## How many words (at most 6 letters) formed from a, b, c, d, e, f; Combinatorics

Hello,

I came across a combinatorics problem I could not solve. The statement is the following:

How many words of at most six letters can you form using letters a, b, c, d, e or f such that no consecutive letters in a word are consecutive in the alphabet (for example, the words ab, cb, adecf, acedf are not possible, but the words ac, da, cad are possible). A letter can not appear in a word more than once.

The only "shortcut" I see in the problem, rather than using plain brute force, is to exploit the symmetry in that the letter a and f have the same "nature", b and e have the same "nature", and letters c and d have the same "natures".

I proceeded in pretty much listing all words, using a slightly faster method than plain brute force, finding the number of words using 1, 2, 3, 4, 5 and 6 letters, and starting with a, b or c. I multiplied the total by 2 and got a not-very-interesting 380 words total.

1. My method seems tedious and stupid; there surely is a better method.
2. My method is not généralisable. How to count the number of words if we're allowed to use more letters than the first 6 of the alphabet?
3. I didn't have the patience to list the words more than once... maybe I made some mistake while counting. By the way, some of my friends also tried the problem and all of them arrived to different numbers...

Bélisaire

Here is a slightly more elaborated version of my solution; 380 words.
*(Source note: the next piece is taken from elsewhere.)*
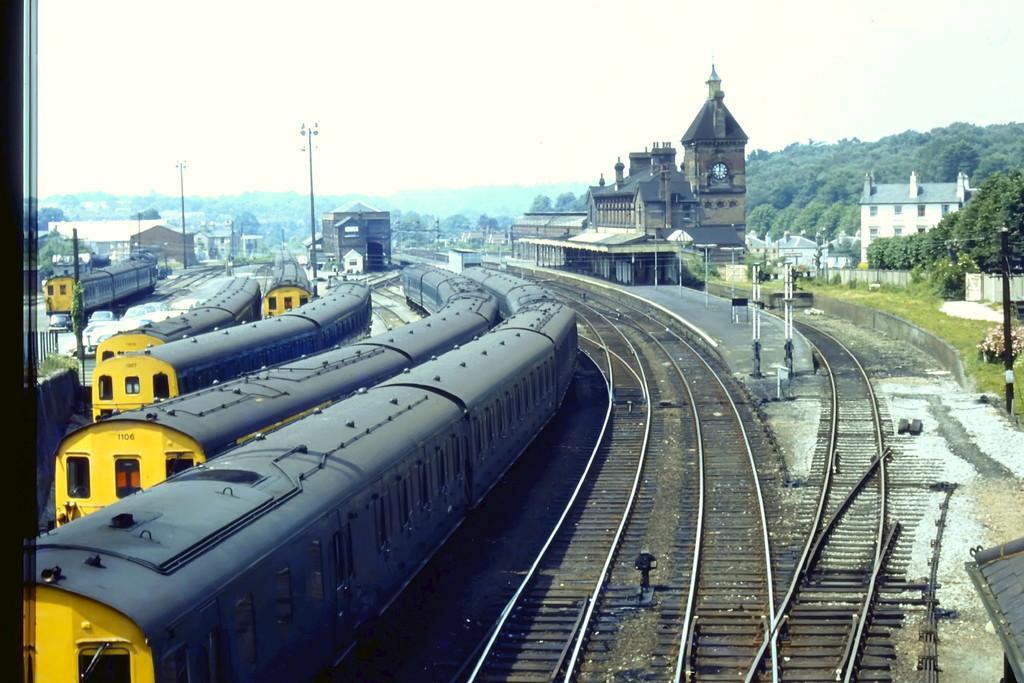Describe this image in one or two sentences. In the center of the image, we can see trains and tracks and in the background, there are poles, buildings, and trees.

Number of words with m letters and starting with letter n:
(1,a)=1
(1,b)=1
(1,c)=1
(2,a)=4
(2,b)=3
(2,c)=3
(3,a)=9
(3,b)=7
(3,c)=8
(4,a)=14
(4,b)=15
(4,c)=15
(5,a)=17
(5,b)=23
(5,c)=23
(6,a)=12
(6,b)=15
(6,c)=19

Using symmetry, as explained above, we get 6 words of 1 letter, 20 words of 2 letters, 48 words of 3 letters, 88 words of 4 letters, 125 words of 5 letters and 92 words of 6 letters, for a big total of 380 words.